Hello, Monica,
Let q be tickets sold in a week and x is price per ticket. The standard form of a linear equation is y=mx+b, where m is the slope and b is the y-intercept (the value of y when x is zero). Since the question wants us to use q for weekly tickets sold, we can rewrite this as q = mx + b.
A) The weekly revenue would be the number of tickets sold in a week times the price per ticket: (900/week)*($14/ticket) = $12,600/week
B) One can find a linear equation either by graphing a few points and finding the slope and y-intercept from the graph, or deduce both from a few data points taken from the same table. Make a table with a few points calculated from the knowledge that 60 fewer tickets are sold each week (q) when the price (x) increases by $0.50/ticket:
We can take any two points and calculate the slope, m. I'll pick (14,900) and (15,780). The slope is the "rise over the run," or change in the y axis (q) per a change on the x axis. Rise = (780-900) = -120. Run is (15-14)=1, therefore Rise/Run = -120. The slope, m, is -120. [Doesn't sound good, but that's business when you raise prices]. The linear equation, q = mx + b, is now q = -120x + b. We need to find b, the y-intercept. Do that by entwering any of the data points and solve for b. I'll use (14,900):
q = -120x + b
900 = -120*(14) + b
900=-1680 + b
b = 2580 [This is saying that 2580 tickets will be "sold" when the price is zero. Silly, but that is math]
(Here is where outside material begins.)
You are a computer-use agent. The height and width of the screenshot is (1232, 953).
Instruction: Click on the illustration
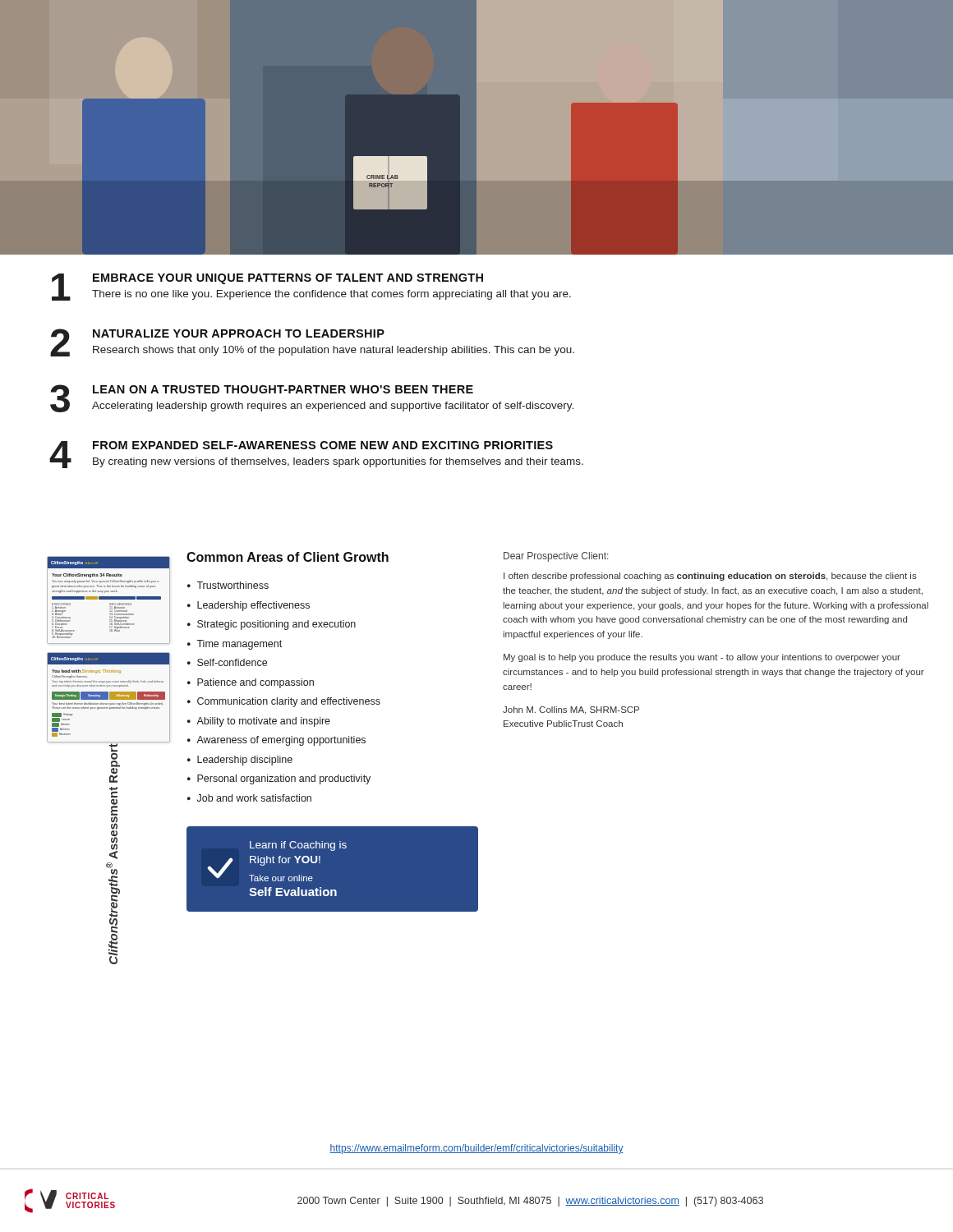108,649

So the full equation becomes q=-120x + 2580
You can also do this by graphing a few of the points in the list and finding the data for slope and y-intercept from the graph.
C)
We now want the total revenue as a function of ticket price. Total revenue, R, would be the tickets sold per week times the price per ticket. Use the linear equation above for q.
Total revenue(R) = q*x
R = (-120x + 2580)*(x)
R = -120x2 + 2580x
We can plot this parabola and find the vertex, os we can take the first ferivative and set it equal to zero, the slope at the vertex. I'll try the first derivation:
R = -120x2 + 2580x
R' = -240x + 2580
0 = -240x + 2580
x = 10.75
The slope of the equation at 10.75 is zero, so this is the point that the "premium" movie theater will maximize profit. At $10.75/ticket, total revenue would be $13,867.5/week. [Not counting popcorn]
The question wants the number of tickets sold at this price, so use the linear equation we first developed:
q=-120x + 2580
q = -120(10.75)+2580
q = 1290 tickets/week
Bob